Work item | What are the lines from the top of the entries below through the line containing "basket;-0.458;0.242;1.281;0.400;0.266;0.311;-10;69;-16"? Return them exactly, both ends included, without the pictures.

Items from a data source
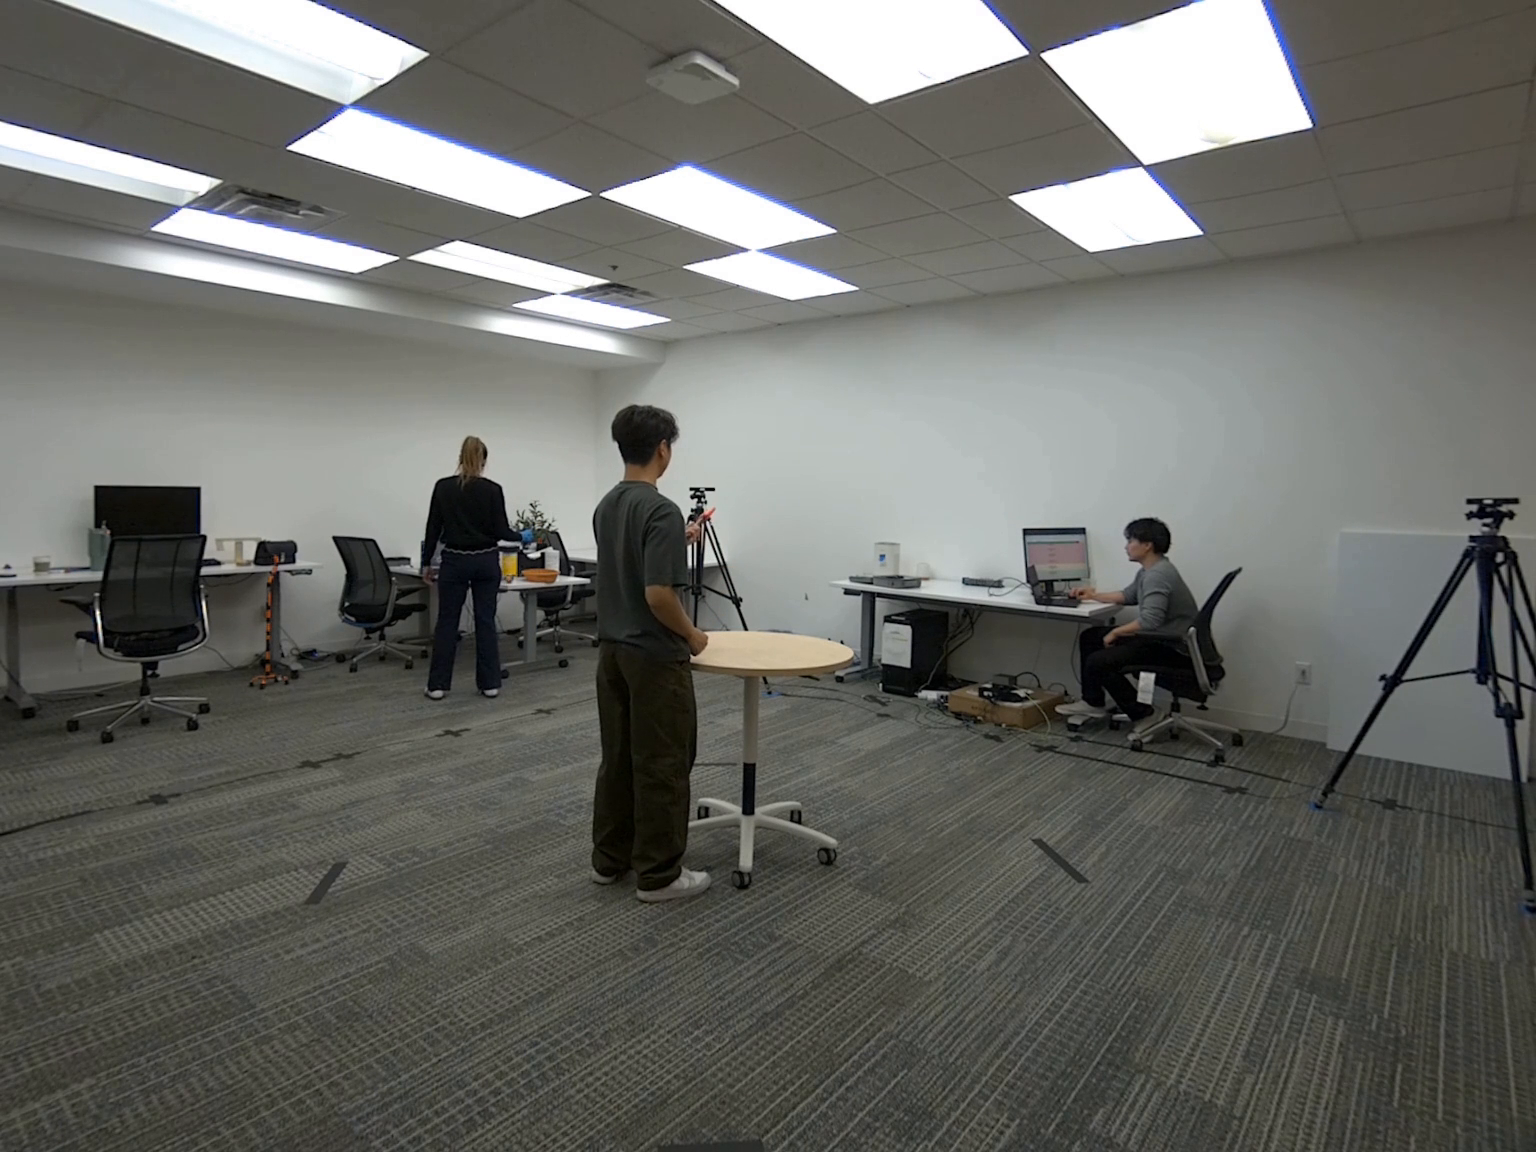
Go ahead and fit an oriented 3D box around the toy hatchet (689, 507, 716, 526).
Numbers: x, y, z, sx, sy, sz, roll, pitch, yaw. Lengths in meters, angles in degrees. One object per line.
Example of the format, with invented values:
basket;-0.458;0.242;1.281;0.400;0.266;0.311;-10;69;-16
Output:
toy hatchet;-0.275;-0.210;3.336;0.131;0.029;0.272;-39;9;15
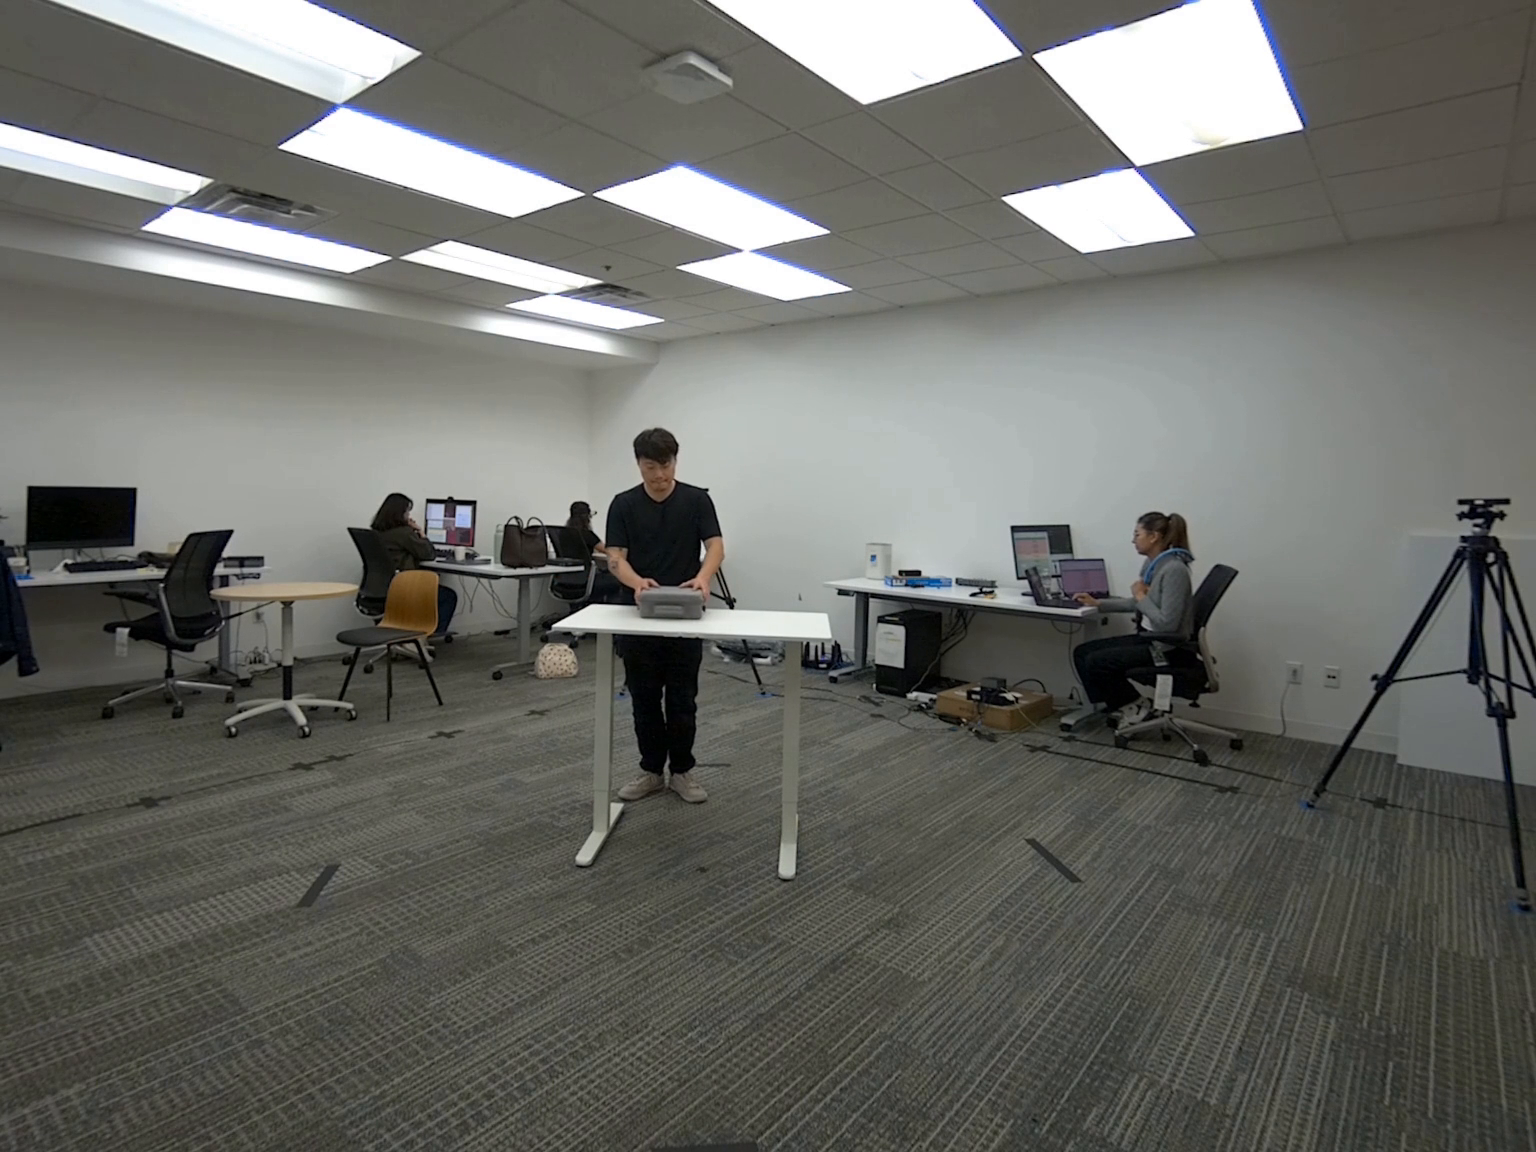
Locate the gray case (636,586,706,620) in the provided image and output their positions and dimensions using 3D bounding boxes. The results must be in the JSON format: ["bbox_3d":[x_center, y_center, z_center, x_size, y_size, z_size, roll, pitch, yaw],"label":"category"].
[{"bbox_3d":[-0.395,0.106,3.405,0.257,0.104,0.261,1,4,-1],"label":"gray case"}]
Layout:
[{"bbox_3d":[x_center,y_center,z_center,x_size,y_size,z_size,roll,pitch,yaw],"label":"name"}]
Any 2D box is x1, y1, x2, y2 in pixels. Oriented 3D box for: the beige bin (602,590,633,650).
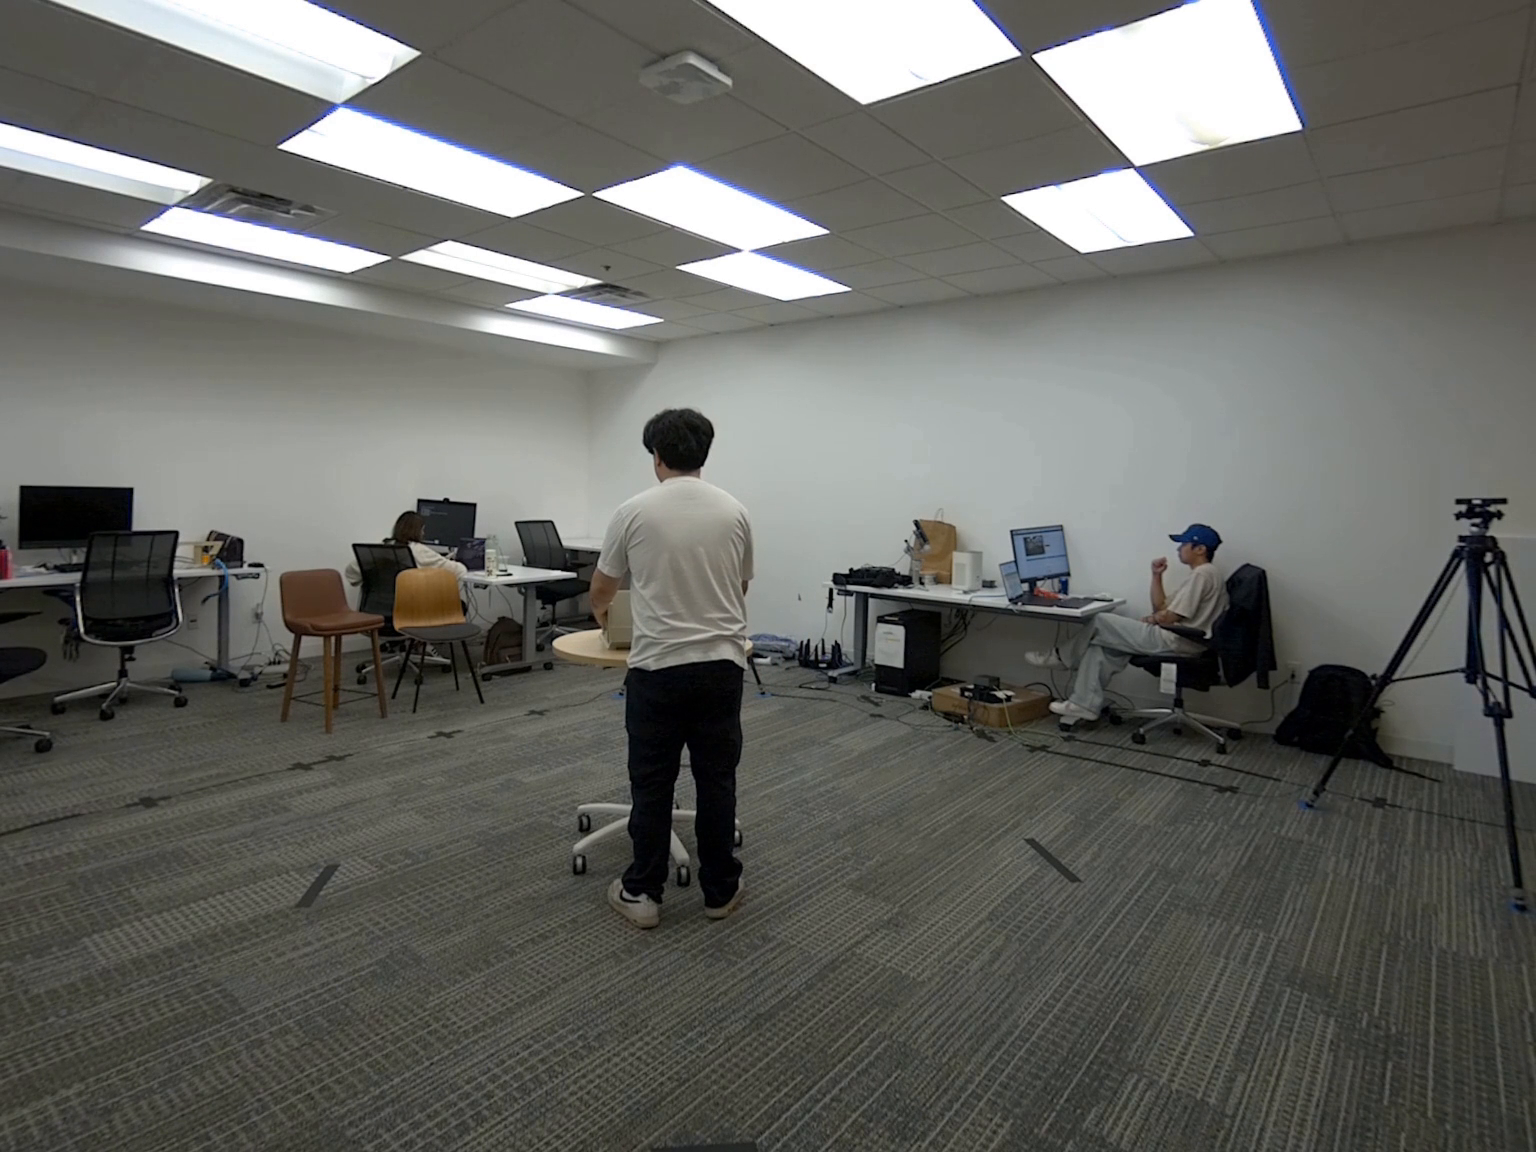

Solved exercise |
Go ahead and fit an oriented 3D box around the toy hatchet (689, 507, 716, 526).
Numbers: x, y, z, sx, sy, sz, roll, pitch, yaw. Lengths in meters, angles in degrees. One object per line.
Example of the format, with invented values:
basket;-0.458;0.242;1.281;0.400;0.266;0.311;-10;69;-16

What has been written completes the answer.